The story of the C.P.R. Hotel 1


Télesphore Hogue went on to talk of earlier memories: born in 1844 on Sainte-Catherine Street between Sanguinet and Saint-Denis, he remembered that the countryside began above Sherbrooke and added that a windmill was located near the Monastère du Bon-Pasteur. Prévost then questioned him about the famous “Pieds-Noirs”:

— Did the Pieds-Noirs of Carrière Street get into fights at your hotel?
— The Pieds-Noirs didn’t fight in my hotel much, because I wouldn’t let them. I wasn’t always old, you know, and when they started to make noise, I threw them out. One bully, named Brazeau, boasted of his strength and he liked to argue. But when he came to my place, he didn’t do anything stupid.

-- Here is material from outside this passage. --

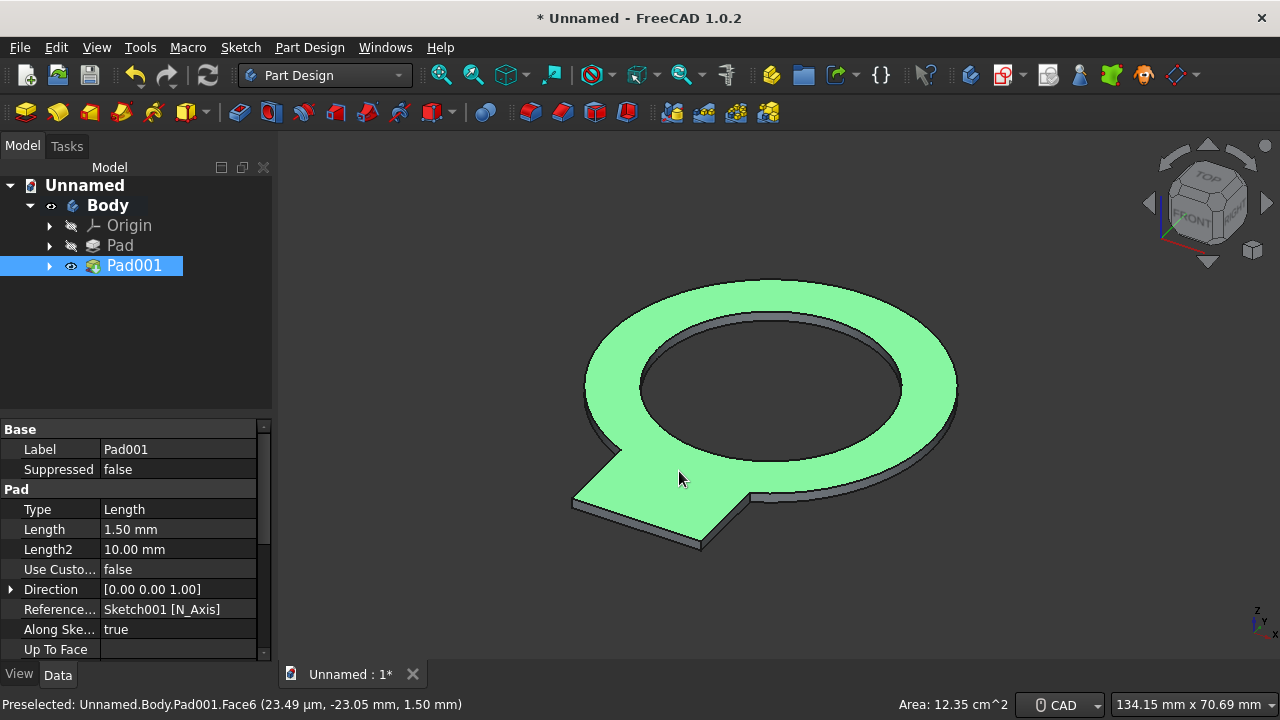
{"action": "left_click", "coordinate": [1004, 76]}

But not all the Pieds-Noirs were as wise: Hogue went on to tell an anecdote in which he locked up one of his drunken clients for refusing to pay for his drinks. Shortly after, he single-handedly fought three other clients who had come to avenge their friend:

I knew how to handle one man, two maybe, but three, was really too much. I had a lot of trouble getting rid of them. I would have won more quickly if the carters watching us from the station platform had come to help me. For two or three hours after that there scuffle, I thought I would die, I was in so much pain.

The interview ended with talk of the hotel-keeper’s two other passions: billiards – he said he won an amateur championship in 1892 – and horse racing at Decker’s Park, located on Saint-Denis Street north of Laurier. Hogue owned several horses and his favourite, which won him a cup, was named Mile End Boy.

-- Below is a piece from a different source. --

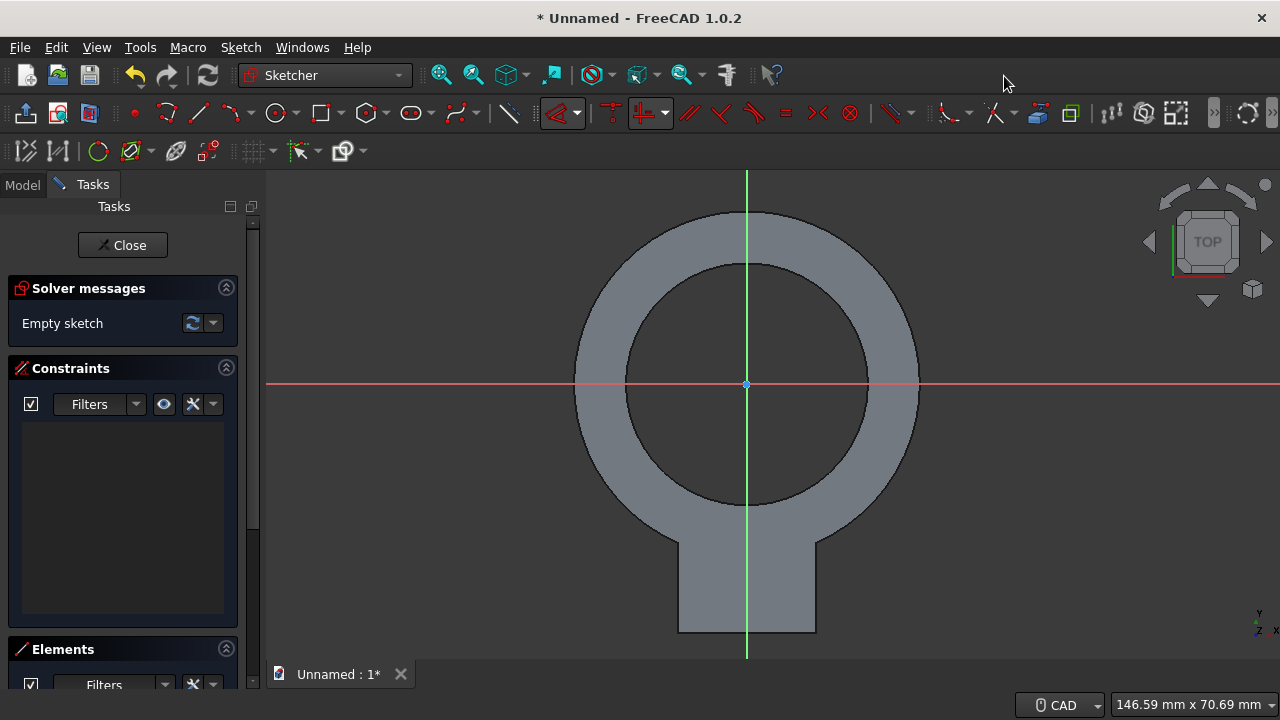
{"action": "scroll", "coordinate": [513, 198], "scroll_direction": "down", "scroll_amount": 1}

Mile End station closed in November 1931, when the train service was moved to the new Park Avenue station on Jean-Talon. A new activity arrived next to the hotel in 1935 with the opening of the ‘Mile End Arena’, a small open-air arena with wooden bleachers. Boxing matches were presented with tickets sold at the hotel. But the arena was short-lived, closing in 1943. Afterwards, the hotel turned into a tavern (Lovell’s lists it as “C.P.R. Tavern” by 1944), and the upper floor was transformed into a rooming house.

Insurance Plan of the City of Montreal, Vol. 5, 1939. BAnQ

Insurance Plan of the City of Montreal, Vol. 5, 1939. BAnQ

 

In May 1985, La Presse journalist Gérald Leblanc found Télesphore Hogue’s grandson, Martial Hogue. At the time he was 77 and described himself as a poet-painter and a “professional outsider” who was born and grew up in the neighbourhood. The short interview revealed very little new about the hotel’s history, although the journalist called Martial Hogue “inexhaustible” about the subject, as well as about the tailor shop belonging to his father.1 But the article did provide a unique photograph of the building in its heydays. The old hotel which had been the pride of the Hogue Family was about to disappear. A fire completely destroyed it seven months later, in the early morning hours of January 5, 1986, in the middle of a snowstorm. Today, more than a quarter century has gone by, and the land on which the C.P.R. Hotel once stood is still vacant.

Le Mile-End en mutation, La Presse, Saturday 25 May 1985

Le Mile-End en mutation, La Presse, Saturday 25 May 1985

La Presse, Monday 6 January 1986, p. 3

La Presse, Monday 6 January 1986, p. 3. The caption is incorrect: the old hotel was not the station building (already demolished in 1970).

Notes:
1. Again according to Lovell’s Directory, Martial’s father (and son of Télesphore) who was also named Martial, had a Merchant Tailor shop at 5328 Saint-Laurent, just south of Saint-Viateur. He lived at the adjacent address.